▶ _Your objective_: Leaving pictures aside, set down each line exactly, from the first line of the data to the line with "from ezdxf.enums import", both included.

=== Source records ===

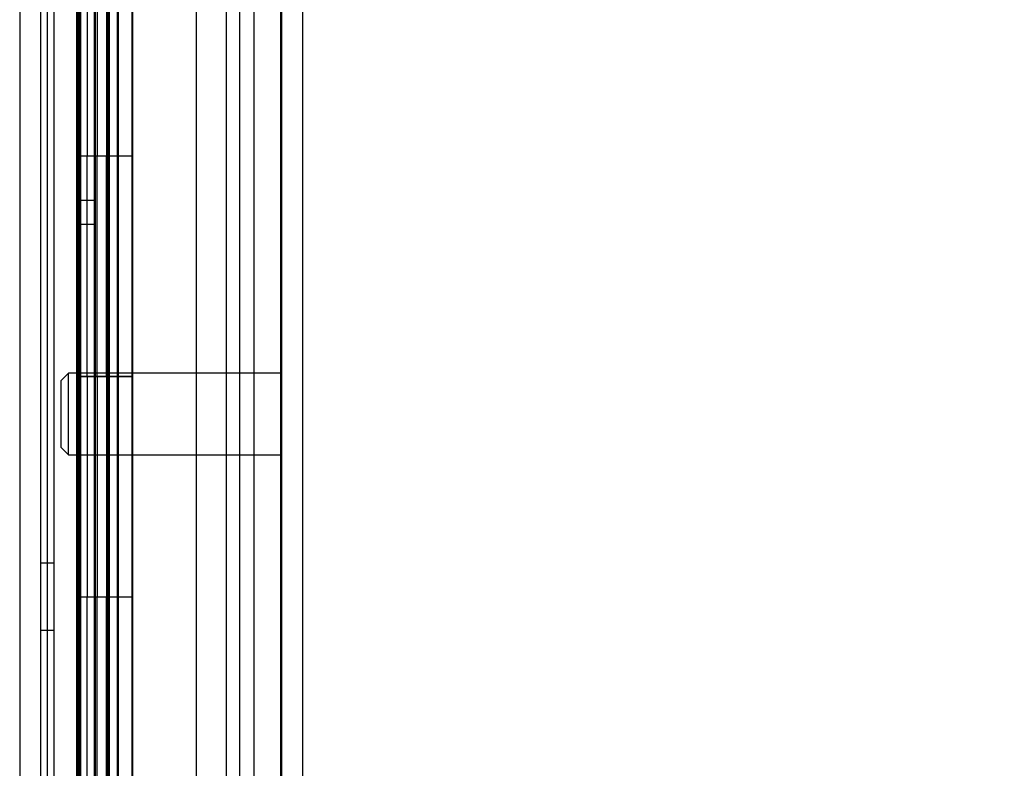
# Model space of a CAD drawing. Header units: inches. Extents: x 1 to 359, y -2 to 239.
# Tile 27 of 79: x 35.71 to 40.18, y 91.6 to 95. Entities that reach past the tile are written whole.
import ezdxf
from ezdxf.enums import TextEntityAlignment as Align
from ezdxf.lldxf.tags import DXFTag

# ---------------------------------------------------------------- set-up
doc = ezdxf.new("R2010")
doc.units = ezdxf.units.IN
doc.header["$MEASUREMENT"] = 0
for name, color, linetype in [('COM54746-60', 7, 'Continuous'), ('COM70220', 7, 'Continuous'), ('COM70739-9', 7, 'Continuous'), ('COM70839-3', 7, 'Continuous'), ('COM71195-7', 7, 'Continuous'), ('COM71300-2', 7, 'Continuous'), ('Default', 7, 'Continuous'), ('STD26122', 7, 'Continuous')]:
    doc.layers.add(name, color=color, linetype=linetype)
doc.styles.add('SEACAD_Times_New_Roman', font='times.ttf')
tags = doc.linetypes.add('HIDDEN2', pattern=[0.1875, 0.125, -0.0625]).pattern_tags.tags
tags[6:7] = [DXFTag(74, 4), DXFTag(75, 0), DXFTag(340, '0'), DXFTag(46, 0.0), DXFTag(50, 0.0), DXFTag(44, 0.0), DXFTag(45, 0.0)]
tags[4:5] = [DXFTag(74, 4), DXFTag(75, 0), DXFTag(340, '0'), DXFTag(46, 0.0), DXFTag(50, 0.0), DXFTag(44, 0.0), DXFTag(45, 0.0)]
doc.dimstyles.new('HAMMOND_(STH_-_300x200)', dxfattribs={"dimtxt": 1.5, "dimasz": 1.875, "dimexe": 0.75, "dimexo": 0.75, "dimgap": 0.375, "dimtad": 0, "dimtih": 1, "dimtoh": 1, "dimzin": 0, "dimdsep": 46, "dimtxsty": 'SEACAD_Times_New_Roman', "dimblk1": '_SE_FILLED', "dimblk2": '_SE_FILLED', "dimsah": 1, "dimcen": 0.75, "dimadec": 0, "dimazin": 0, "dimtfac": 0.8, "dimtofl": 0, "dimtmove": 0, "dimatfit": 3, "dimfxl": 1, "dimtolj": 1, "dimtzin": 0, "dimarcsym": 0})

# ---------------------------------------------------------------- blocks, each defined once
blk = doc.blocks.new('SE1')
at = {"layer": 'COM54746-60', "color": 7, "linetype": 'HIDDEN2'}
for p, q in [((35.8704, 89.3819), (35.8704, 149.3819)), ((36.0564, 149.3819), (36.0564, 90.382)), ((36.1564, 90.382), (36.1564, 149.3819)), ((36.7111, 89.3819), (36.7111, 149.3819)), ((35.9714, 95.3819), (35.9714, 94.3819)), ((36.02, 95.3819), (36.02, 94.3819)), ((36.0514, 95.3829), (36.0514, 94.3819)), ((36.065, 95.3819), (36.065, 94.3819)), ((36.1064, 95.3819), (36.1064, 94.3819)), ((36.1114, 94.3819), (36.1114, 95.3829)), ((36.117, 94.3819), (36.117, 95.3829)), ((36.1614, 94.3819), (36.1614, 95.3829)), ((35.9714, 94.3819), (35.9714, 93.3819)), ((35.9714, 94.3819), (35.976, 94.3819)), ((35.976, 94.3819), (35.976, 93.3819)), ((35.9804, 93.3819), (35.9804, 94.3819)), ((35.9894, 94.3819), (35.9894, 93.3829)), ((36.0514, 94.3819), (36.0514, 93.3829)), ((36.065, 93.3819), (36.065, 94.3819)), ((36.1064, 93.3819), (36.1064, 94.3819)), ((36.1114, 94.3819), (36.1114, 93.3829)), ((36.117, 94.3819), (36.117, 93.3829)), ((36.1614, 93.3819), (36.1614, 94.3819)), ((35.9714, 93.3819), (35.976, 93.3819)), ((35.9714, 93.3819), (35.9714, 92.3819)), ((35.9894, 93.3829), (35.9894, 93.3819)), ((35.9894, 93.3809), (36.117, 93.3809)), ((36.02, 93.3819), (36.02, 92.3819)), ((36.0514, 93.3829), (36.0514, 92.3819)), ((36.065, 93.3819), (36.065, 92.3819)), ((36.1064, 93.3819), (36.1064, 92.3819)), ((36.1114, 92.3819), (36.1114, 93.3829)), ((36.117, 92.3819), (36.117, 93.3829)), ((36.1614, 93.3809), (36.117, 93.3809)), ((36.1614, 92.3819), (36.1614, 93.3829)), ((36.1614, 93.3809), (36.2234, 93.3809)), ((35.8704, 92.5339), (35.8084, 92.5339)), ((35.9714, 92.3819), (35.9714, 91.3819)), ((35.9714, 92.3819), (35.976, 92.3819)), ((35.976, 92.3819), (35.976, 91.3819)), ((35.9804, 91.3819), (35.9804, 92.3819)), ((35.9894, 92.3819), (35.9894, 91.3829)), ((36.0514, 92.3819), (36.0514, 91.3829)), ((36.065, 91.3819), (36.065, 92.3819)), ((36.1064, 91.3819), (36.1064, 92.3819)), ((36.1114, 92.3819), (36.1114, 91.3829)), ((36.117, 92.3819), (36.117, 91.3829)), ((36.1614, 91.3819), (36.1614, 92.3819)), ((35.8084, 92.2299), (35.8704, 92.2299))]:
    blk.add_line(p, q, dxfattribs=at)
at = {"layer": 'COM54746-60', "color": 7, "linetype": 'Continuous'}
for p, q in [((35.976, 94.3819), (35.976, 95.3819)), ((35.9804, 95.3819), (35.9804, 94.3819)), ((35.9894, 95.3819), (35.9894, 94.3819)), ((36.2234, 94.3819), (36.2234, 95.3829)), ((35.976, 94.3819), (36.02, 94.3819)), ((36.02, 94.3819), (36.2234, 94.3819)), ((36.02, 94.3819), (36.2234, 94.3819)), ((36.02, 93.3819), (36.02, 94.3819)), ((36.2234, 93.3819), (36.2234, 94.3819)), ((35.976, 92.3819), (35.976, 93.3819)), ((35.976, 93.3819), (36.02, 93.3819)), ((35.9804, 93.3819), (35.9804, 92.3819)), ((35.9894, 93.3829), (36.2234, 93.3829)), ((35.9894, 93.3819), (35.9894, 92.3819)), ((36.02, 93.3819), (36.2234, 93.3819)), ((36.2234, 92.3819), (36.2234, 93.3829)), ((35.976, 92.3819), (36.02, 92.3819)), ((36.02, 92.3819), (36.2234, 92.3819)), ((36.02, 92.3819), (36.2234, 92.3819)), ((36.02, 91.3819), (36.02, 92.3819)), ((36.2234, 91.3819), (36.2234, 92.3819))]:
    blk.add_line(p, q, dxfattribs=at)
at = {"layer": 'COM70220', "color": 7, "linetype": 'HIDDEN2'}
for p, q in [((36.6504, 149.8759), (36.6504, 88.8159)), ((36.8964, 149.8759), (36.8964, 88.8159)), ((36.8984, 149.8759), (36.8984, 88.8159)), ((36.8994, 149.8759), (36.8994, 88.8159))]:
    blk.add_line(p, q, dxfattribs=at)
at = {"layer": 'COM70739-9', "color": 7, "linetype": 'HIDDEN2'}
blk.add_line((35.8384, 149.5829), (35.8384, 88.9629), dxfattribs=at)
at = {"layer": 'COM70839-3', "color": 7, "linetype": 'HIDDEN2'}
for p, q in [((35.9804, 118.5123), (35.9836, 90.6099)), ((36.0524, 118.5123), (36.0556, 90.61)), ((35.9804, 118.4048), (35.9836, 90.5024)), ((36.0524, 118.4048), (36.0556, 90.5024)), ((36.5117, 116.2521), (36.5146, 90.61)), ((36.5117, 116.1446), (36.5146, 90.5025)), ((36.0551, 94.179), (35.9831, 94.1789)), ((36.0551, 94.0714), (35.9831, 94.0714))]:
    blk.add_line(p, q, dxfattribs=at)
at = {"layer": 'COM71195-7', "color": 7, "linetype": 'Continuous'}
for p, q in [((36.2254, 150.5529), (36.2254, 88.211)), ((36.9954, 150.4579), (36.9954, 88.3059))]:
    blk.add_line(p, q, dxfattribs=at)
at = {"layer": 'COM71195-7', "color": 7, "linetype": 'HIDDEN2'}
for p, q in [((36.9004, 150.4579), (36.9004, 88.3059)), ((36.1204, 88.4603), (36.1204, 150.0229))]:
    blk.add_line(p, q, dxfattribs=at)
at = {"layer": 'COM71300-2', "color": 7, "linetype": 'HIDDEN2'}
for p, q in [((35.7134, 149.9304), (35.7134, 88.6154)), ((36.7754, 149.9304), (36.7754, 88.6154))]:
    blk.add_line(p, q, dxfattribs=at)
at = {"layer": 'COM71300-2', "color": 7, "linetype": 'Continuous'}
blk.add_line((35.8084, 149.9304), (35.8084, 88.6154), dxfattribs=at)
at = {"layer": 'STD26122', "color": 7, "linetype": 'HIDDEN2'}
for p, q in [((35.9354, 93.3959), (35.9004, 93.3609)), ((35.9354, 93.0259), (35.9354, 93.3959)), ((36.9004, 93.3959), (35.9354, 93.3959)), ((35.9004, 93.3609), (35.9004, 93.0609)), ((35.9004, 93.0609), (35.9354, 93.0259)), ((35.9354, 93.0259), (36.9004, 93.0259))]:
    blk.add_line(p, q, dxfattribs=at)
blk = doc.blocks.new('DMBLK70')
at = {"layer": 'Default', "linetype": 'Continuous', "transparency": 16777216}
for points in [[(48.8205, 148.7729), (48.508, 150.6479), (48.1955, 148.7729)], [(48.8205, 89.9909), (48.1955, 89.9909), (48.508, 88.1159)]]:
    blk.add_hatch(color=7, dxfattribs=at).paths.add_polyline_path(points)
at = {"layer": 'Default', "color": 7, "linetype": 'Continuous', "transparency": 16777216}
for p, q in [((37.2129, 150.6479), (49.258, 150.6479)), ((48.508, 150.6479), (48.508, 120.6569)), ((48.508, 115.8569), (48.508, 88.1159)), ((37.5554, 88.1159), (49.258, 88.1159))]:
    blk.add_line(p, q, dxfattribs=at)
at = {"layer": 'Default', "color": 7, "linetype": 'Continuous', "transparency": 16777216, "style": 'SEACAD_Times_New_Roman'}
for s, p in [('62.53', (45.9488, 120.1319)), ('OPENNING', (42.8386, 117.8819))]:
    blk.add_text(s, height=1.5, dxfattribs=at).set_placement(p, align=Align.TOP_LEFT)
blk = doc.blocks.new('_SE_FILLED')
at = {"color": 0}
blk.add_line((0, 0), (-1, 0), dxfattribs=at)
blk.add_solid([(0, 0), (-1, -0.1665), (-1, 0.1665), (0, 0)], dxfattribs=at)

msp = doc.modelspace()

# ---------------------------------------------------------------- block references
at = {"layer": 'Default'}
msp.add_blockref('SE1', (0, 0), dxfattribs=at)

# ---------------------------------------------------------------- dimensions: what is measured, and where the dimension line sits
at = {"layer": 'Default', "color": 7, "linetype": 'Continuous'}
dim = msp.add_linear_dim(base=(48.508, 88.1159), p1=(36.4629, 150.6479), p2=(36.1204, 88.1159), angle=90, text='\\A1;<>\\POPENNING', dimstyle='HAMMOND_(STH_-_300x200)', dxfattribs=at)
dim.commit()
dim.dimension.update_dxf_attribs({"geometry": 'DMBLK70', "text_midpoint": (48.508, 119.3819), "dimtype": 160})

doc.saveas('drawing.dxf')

===

▶ _Answer box_:
# Model space of a CAD drawing. Header units: inches. Extents: x 1 to 359, y -2 to 239.
# Tile 27 of 79: x 35.71 to 40.18, y 91.6 to 95. Entities that reach past the tile are written whole.
import ezdxf
from ezdxf.enums import TextEntityAlignment as Align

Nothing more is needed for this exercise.